From: Michal Hocko <mhocko@xxxxxxxx>

build_all_zonelists has been (ab)using stop_machine to make sure that
zonelists do not change while somebody is looking at them. This is
is just a gross hack because a) it complicates the context from which
we can call build_all_zonelists (see 3f906ba23689 ("mm/memory-hotplug:
switch locking to a percpu rwsem")) and b) is is not really necessary
especially after "mm, page_alloc: simplify zonelist initialization"
and c) it doesn't really provide the protection it claims (see below).

Updates of the zonelists happen very seldom, basically only when a zone
becomes populated during memory online or when it loses all the memory
during offline. A racing iteration over zonelists could either miss a
zone or try to work on one zone twice. Both of these are something we
can live with occasionally because there will always be at least one
zone visible so we are not likely to fail allocation too easily for
example.

Please note that the original stop_machine approach doesn't really
provide a better exclusion because the iteration might be interrupted
half way (unless the whole iteration is preempt disabled which is not
the case in most cases) so the some zones could still be seen twice or a
zone missed.

I have run the pathological online/offline of the single memblock in the
movable zone while stressing the same small node with some memory pressure.
Node 1, zone DMA
pages free 0
min 0
low 0
high 0
spanned 0
present 0
managed 0
protection: (0, 943, 943, 943)
Node 1, zone DMA32
pages free 227310
min 8294
low 10367
high 12440
spanned 262112
present 262112
managed 241436
protection: (0, 0, 0, 0)
Node 1, zone Normal
pages free 0
min 0
low 0
high 0
spanned 0
present 0
managed 0
protection: (0, 0, 0, 1024)
Node 1, zone Movable
pages free 32722
min 85
low 117
high 149
spanned 32768
present 32768
managed 32768
protection: (0, 0, 0, 0)

root@test1:/sys/devices/system/node/node1# while true
do
echo offline > memory34/state
echo online_movable > memory34/state
done

root@test1:/mnt/data/test/linux-3.7-rc5# numactl --preferred=1 make -j4

and it survived without any unexpected behavior.
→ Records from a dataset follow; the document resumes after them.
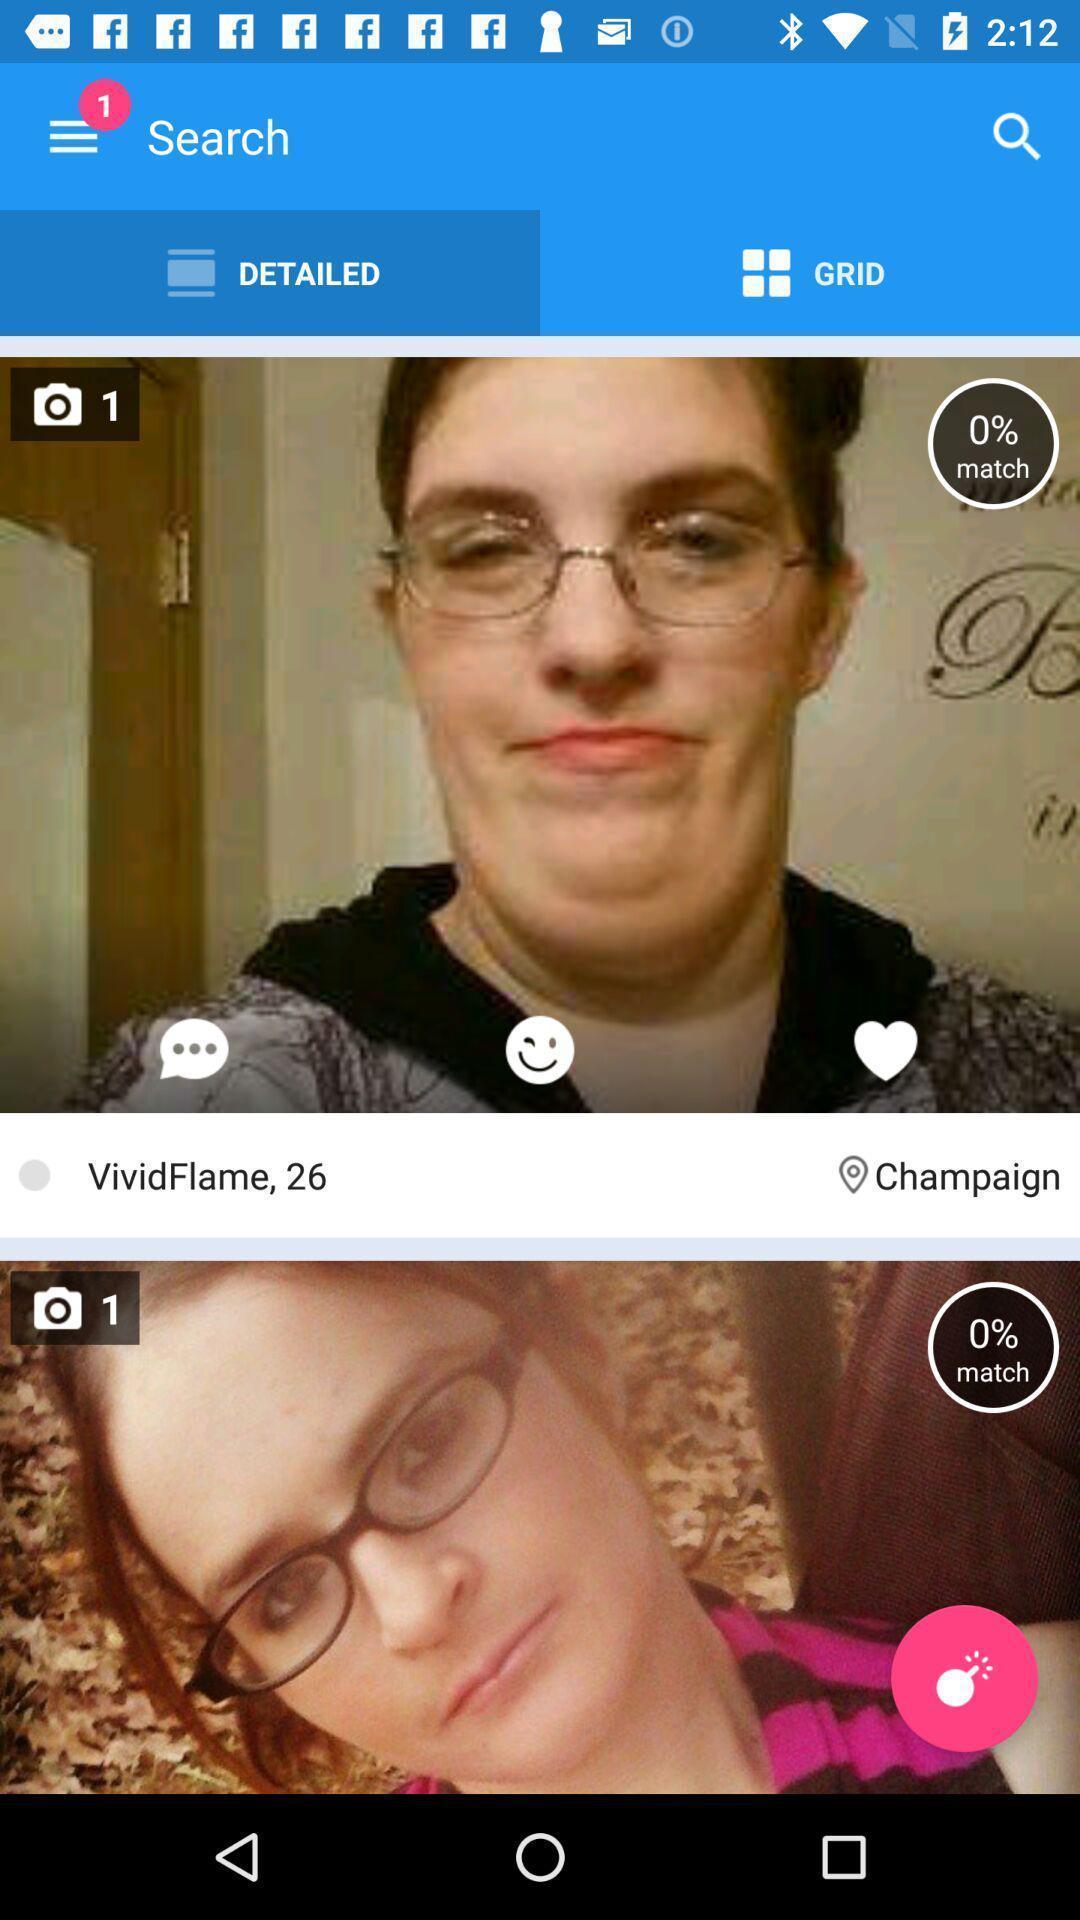Describe the key features of this screenshot. Page displaying search option. 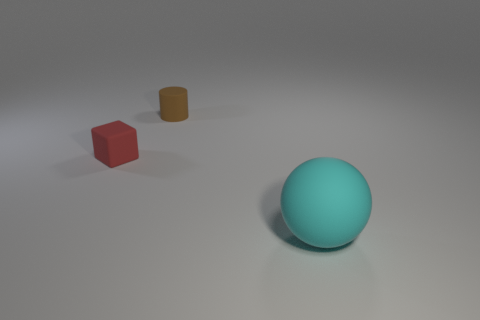Is the number of yellow cylinders greater than the number of brown rubber cylinders?
Ensure brevity in your answer.  No. What number of spheres have the same material as the large object?
Your answer should be very brief. 0. Is the shape of the small red matte thing the same as the big cyan thing?
Your response must be concise. No. There is a rubber object that is on the right side of the small thing on the right side of the tiny matte object in front of the tiny cylinder; what is its size?
Your answer should be very brief. Large. There is a tiny matte thing that is in front of the small rubber cylinder; are there any tiny objects behind it?
Provide a succinct answer. Yes. There is a small thing that is to the left of the matte object behind the red block; what number of tiny red rubber blocks are behind it?
Give a very brief answer. 0. What color is the object that is both in front of the tiny brown matte object and on the right side of the tiny cube?
Provide a short and direct response. Cyan. What number of large rubber things are the same color as the rubber block?
Offer a very short reply. 0. What number of cylinders are big cyan things or red rubber objects?
Your answer should be very brief. 0. There is a matte cube that is the same size as the rubber cylinder; what is its color?
Provide a succinct answer. Red. 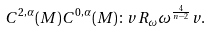Convert formula to latex. <formula><loc_0><loc_0><loc_500><loc_500>C ^ { 2 , \alpha } ( M ) C ^ { 0 , \alpha } ( M ) \colon v R _ { \omega } \omega ^ { \frac { 4 } { n - 2 } } v .</formula> 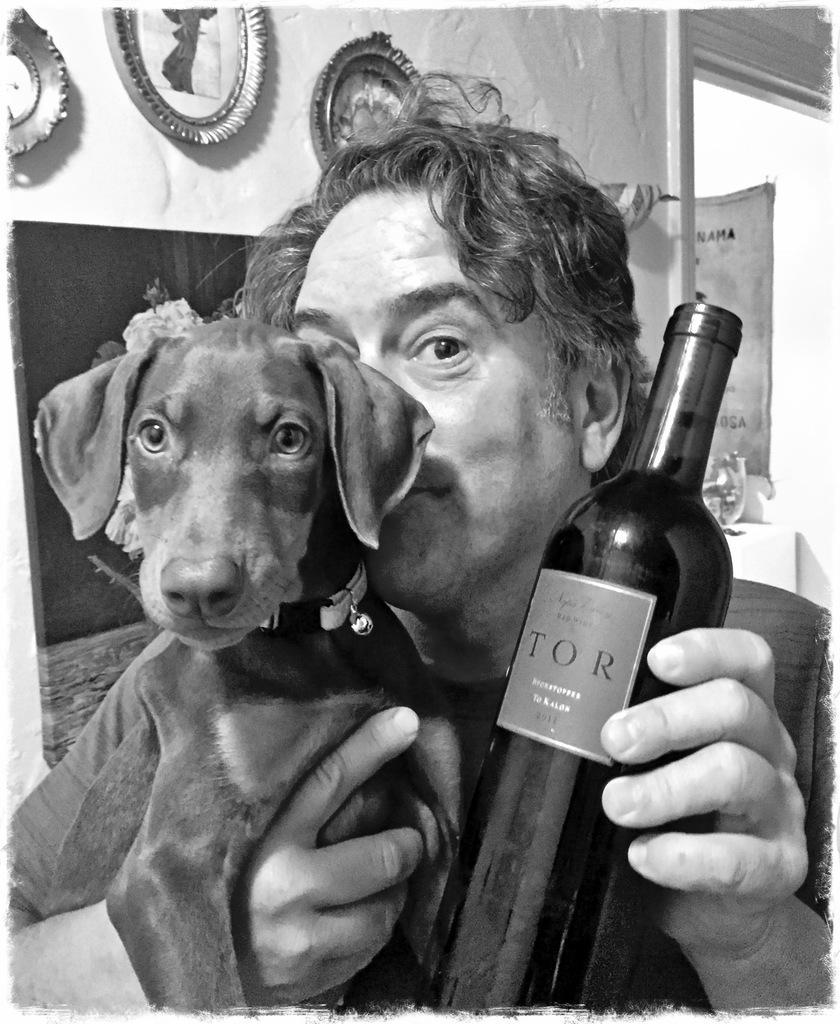Describe this image in one or two sentences. In this image, There is a person holding a wine bottle which is in brown color, There is a dog which is in black color, In the background there is a white color wall on that wall there are some circular objects. 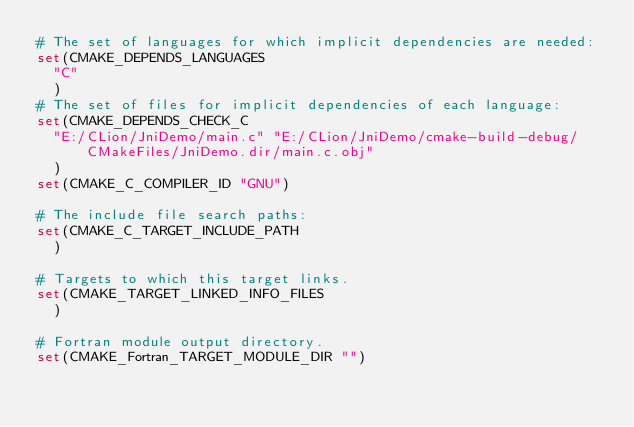Convert code to text. <code><loc_0><loc_0><loc_500><loc_500><_CMake_># The set of languages for which implicit dependencies are needed:
set(CMAKE_DEPENDS_LANGUAGES
  "C"
  )
# The set of files for implicit dependencies of each language:
set(CMAKE_DEPENDS_CHECK_C
  "E:/CLion/JniDemo/main.c" "E:/CLion/JniDemo/cmake-build-debug/CMakeFiles/JniDemo.dir/main.c.obj"
  )
set(CMAKE_C_COMPILER_ID "GNU")

# The include file search paths:
set(CMAKE_C_TARGET_INCLUDE_PATH
  )

# Targets to which this target links.
set(CMAKE_TARGET_LINKED_INFO_FILES
  )

# Fortran module output directory.
set(CMAKE_Fortran_TARGET_MODULE_DIR "")
</code> 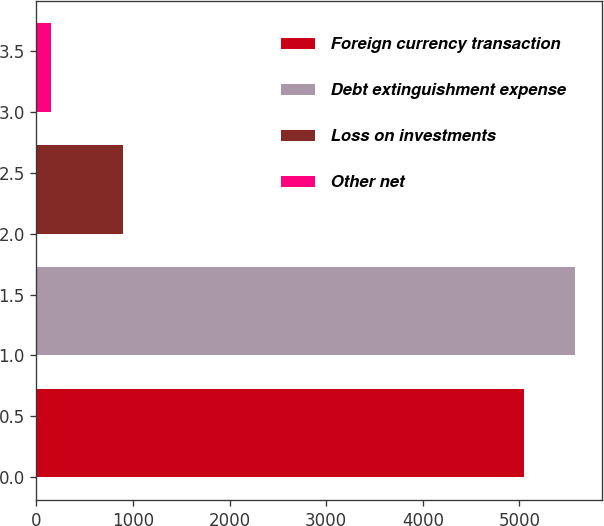Convert chart to OTSL. <chart><loc_0><loc_0><loc_500><loc_500><bar_chart><fcel>Foreign currency transaction<fcel>Debt extinguishment expense<fcel>Loss on investments<fcel>Other net<nl><fcel>5045<fcel>5573.3<fcel>901<fcel>148<nl></chart>

While this is not
really a great testing coverage it should exercise the allocation path
quite a lot.

Acked-by: Vlastimil Babka <vbabka@xxxxxxx>
Signed-off-by: Michal Hocko <mhocko@xxxxxxxx>
---
mm/page_alloc.c | 9 ++-------
1 file changed, 2 insertions(+), 7 deletions(-)

diff --git a/mm/page_alloc.c b/mm/page_alloc.c
index 0d78dc5a708f..cf2eb3cf2cc5 100644
--- a/mm/page_alloc.c
+++ b/mm/page_alloc.c
@@ -5073,8 +5073,7 @@ static DEFINE_PER_CPU(struct per_cpu_nodestat, boot_nodestats);
*/
DEFINE_MUTEX(zonelists_mutex);

-/* return values int ....just for stop_machine() */
-static int __build_all_zonelists(void *data)
+static void __build_all_zonelists(void *data)
{
int nid;
int __maybe_unused cpu;
@@ -5110,8 +5109,6 @@ static int __build_all_zonelists(void *data)
set_cpu_numa_mem(cpu, local_memory_node(cpu_to_node(cpu)));
#endif
}
-
- return 0;
}

static noinline void __init
@@ -5153,9 +5150,7 @@ void __ref build_all_zonelists(pg_data_t *pgdat)
if (system_state == SYSTEM_BOOTING) {
build_all_zonelists_init();
} else {
- /* we have to stop all cpus to guarantee there is no user
- of zonelist */
- stop_machine_cpuslocked(__build_all_zonelists, pgdat, NULL);
+ __build_all_zonelists(pgdat);
/* cpuset refresh routine should be here */
}
vm_total_pages = nr_free_pagecache_pages();
--
2.11.0